ANALIZA
Christian Schnell
Współpracownik BiznesAlert.pl
Unijny system handlu uprawnieniami do emisji gazów cieplarniach („system EU ETS”) wprowadzony dyrektywą 2003/87/WE Parlamentu Europejskiego i Rady z dnia 13 października 2003 r. („Dyrektywa ETS”) jest głównym instrumentem redukcji gazów cieplarnianych i najważniejszym elementem realizacji polityki klimatycznej UE. W październiku 2014 r. Rada Europejska przyjęła nowe ramy polityczne dotyczące klimatu i energii na okres do 2030 r. Głównym ich elementem jest wiążący cel redukcji emisji gazów cieplarnianych w UE o co najmniej 40% poniżej poziomów z 1990 r. do 2030 r., co przełoży się na zmniejszenie liczby uprawnień do emisji o 556 milionów w okresie 2021-2030. Aby ten cel został osiągnięty w opłacalny sposób, sektory objęte systemem EU ETS będą musiały zmniejszyć emisje o 43% w porównaniu z 2005 r., natomiast sektory nieobjęte systemem EU ETS będą musiały zmniejszyć emisje o 30% w porównaniu z 2005 r.

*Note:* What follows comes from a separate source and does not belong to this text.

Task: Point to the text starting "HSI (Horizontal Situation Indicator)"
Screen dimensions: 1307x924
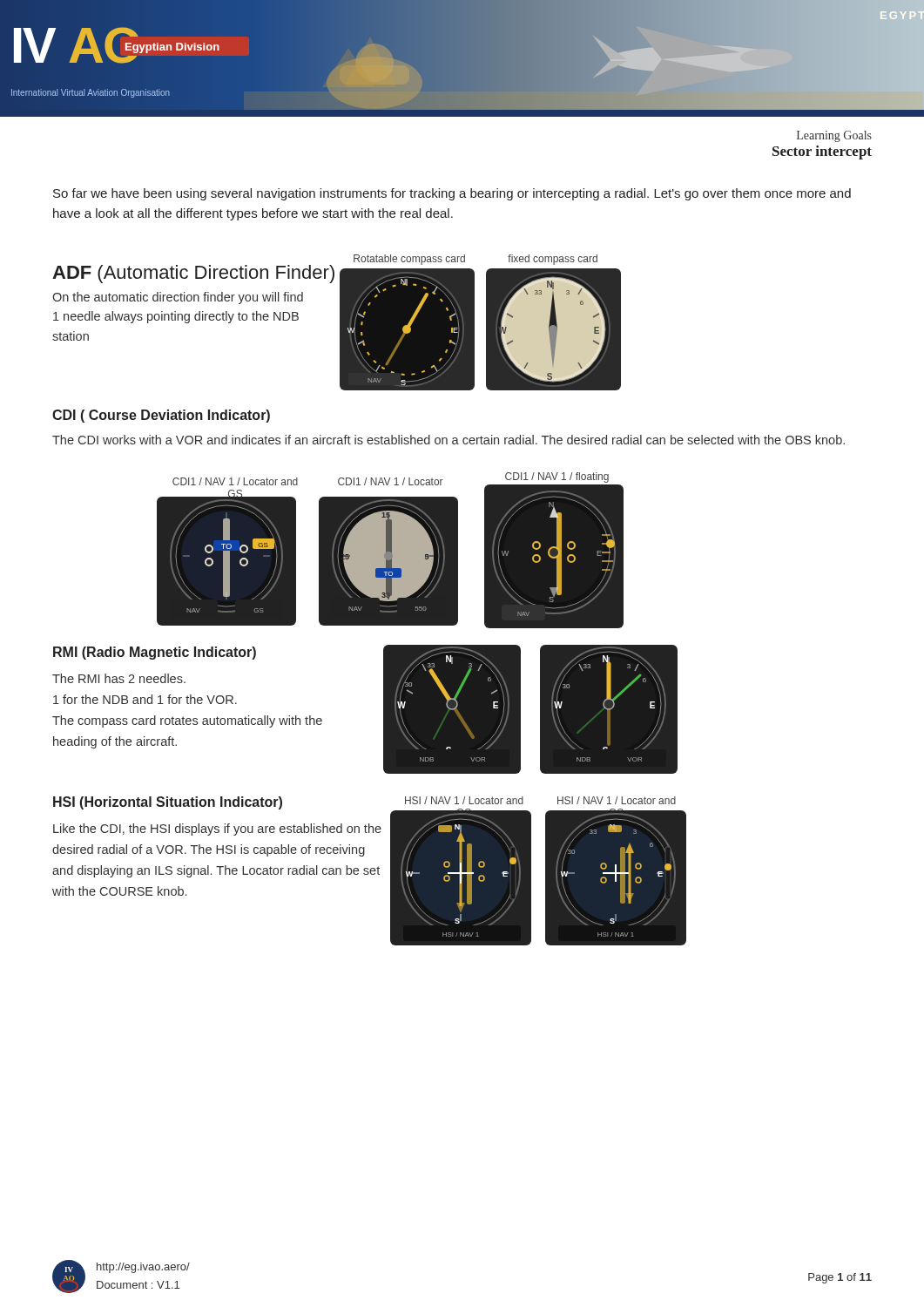Action: point(168,802)

W tym celu został przygotowany wniosek ustawodawczy dotyczący zmiany systemu EU ETS, pozwalający wdrożyć ramy polityki klimatyczno-energetycznej do 2030 r. Regulacja ta będzie kluczowa w budowaniu stabilnej unii energetycznej oraz niskoemisyjnej gospodarki , co jest nadrzędnym priorytetem Komisji na nadchodzące lata. Projekt zmian Dyrektywy ETS został przygotowany w taki sposób, aby zmienić podejście inwestorów, dla których inwestycje w efektywność energetyczną i niskoemisyjne technologie mają być bardziej opłacalne, aniżeli zakup uprawniających do emisji.

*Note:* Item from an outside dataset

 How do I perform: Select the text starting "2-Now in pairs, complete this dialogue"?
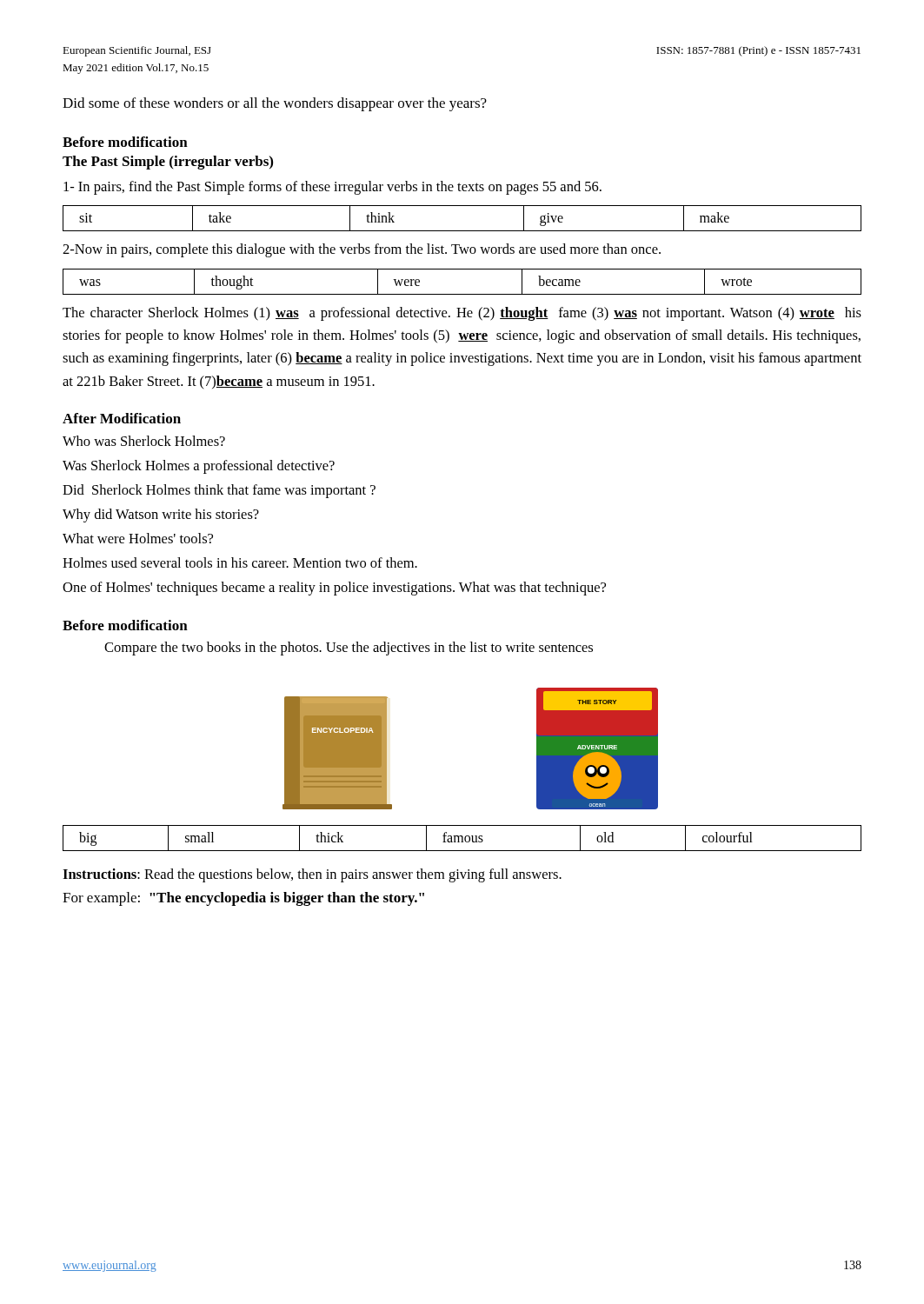point(362,249)

Wniosek w zakresie zmiany Dyrektywy ETS został skierowany do akceptacji Parlamentu Europejskiego i Rady, a następnie do zasięgnięcia opinii Europejskiego Komitetu Ekonomiczno – Społecznego i Komitetu Regionów. Podlega on zwykłej procedurze ustawodawczej, czyli współdecydowaniu Parlamentu Europejskiego i Rady w najbliższych miesiącach. Obecnie prowadzone są debaty w Radzie lub w jej organach przygotowawczych w toku procesu legislacyjnego.
Artykuł 10c – mechanizm derogacji
Jedną z głównych zmian przewidzianą projektem zmiany Dyrektywy ETS jest reforma systemu przyznawania darmowych uprawnień do emisji. Obecnie Dyrektywa ETS przewiduje w ramach wyjątku, od zasady zakupu uprawnień do emisji na aukcji, wyrażoną w art. 10c Dyrektywy ETS możliwość dokonania przejściowego przydziału bezpłatnych uprawnień do emisji na modernizację wytwarzania energii elektrycznej, tzw. mechanizm derogacyjny. Niemniej przedmiotowe derogacje mają charakter przejściowy i są ograniczone w czasie, bowiem całkowita liczba przydzielonych przejściowo bezpłatnych uprawnień jest stopniowo zmniejszana, aż do całkowitej ich likwidacji w 2020 r. Aktualnie darmowe uprawnienia na wytwarzanie energii elektrycznej przyznawane są na podstawie polskiego Krajowego Planu Inwestycyjnego zatwierdzonego przez Komisję Europejską. Przydział uprawnień uzależniony jest wiec poniekąd zagwarantowany i zależy w zasadzie od realizacji zgłoszonych wcześniej projektów inwestycyjnych. Znacząca część tych projektów ma jednak charakter modernizacyjny i nie powoduje zasadniczej zmiany krajowego miksu energetycznego.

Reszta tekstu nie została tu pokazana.